Wednesday 5 February 2014

OUGD404 Double Page Spread: Italics and Obliques

In typography, italic type is a cursive typeface based on a stylized form of calligraphic handwriting. Owing to the influence from calligraphy, such typefaces often slant slightly to the right. Different glyph shapes from Roman type are also usually used—another influence from calligraphy. True italics are therefore distinct from oblique type, in which the font is merely distorted into a slanted orientation. However, upper-case letters are often oblique type or swash capitals rather than true italics.
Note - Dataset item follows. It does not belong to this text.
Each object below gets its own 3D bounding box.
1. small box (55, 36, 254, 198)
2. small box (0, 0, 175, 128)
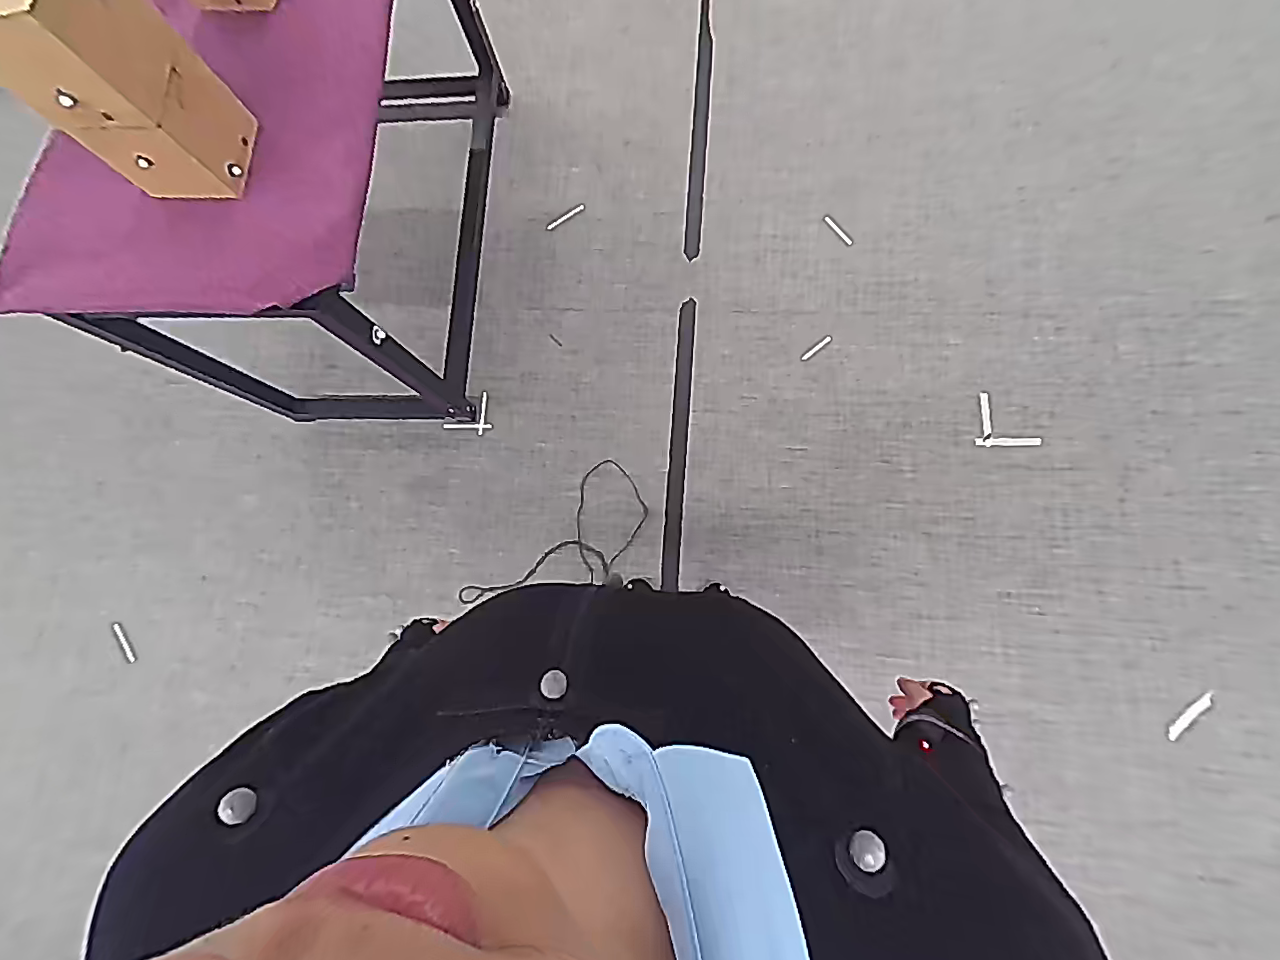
[{"bbox_3d":[-0.810,-0.609,0.924,0.179,0.176,0.168,3,79,5],"label":"small box"},{"bbox_3d":[-0.813,-0.638,0.761,0.168,0.176,0.179,2,79,5],"label":"small box"}]

This style is called "italic" for historical reasons. Calligraphic typefaces started to be designed in Italy, for chancery purposes. Ludovico Arrighi and Aldus Manutius (both between the 15th and 16th centuries) were the main type designers involved in this process at the time.
aa

Italics are drawn out separately from the regular letterforms in a typeface based on an axis ranging from 7-20 degrees. Italics have a calligraphic style and can sit close due to the angle they have individually drawn at.

aa

Obliques were created because italics were considered inappropriate for the industrial and non-calligraphic designs of most sans-serif typefaces. An oblique is essentially a copy of the roman character put at an angle often around 8-12 degrees. 

Italic is a special version of the font, whereas an oblique version is just the regular version inclined a bit. So both are slanted and related to the regular font, but italic will have special letterforms made especially for it.

An italic is created by the type designer with specific characters (notably lowercase a) drawn differently to create a more calligraphic, as well as slanted version.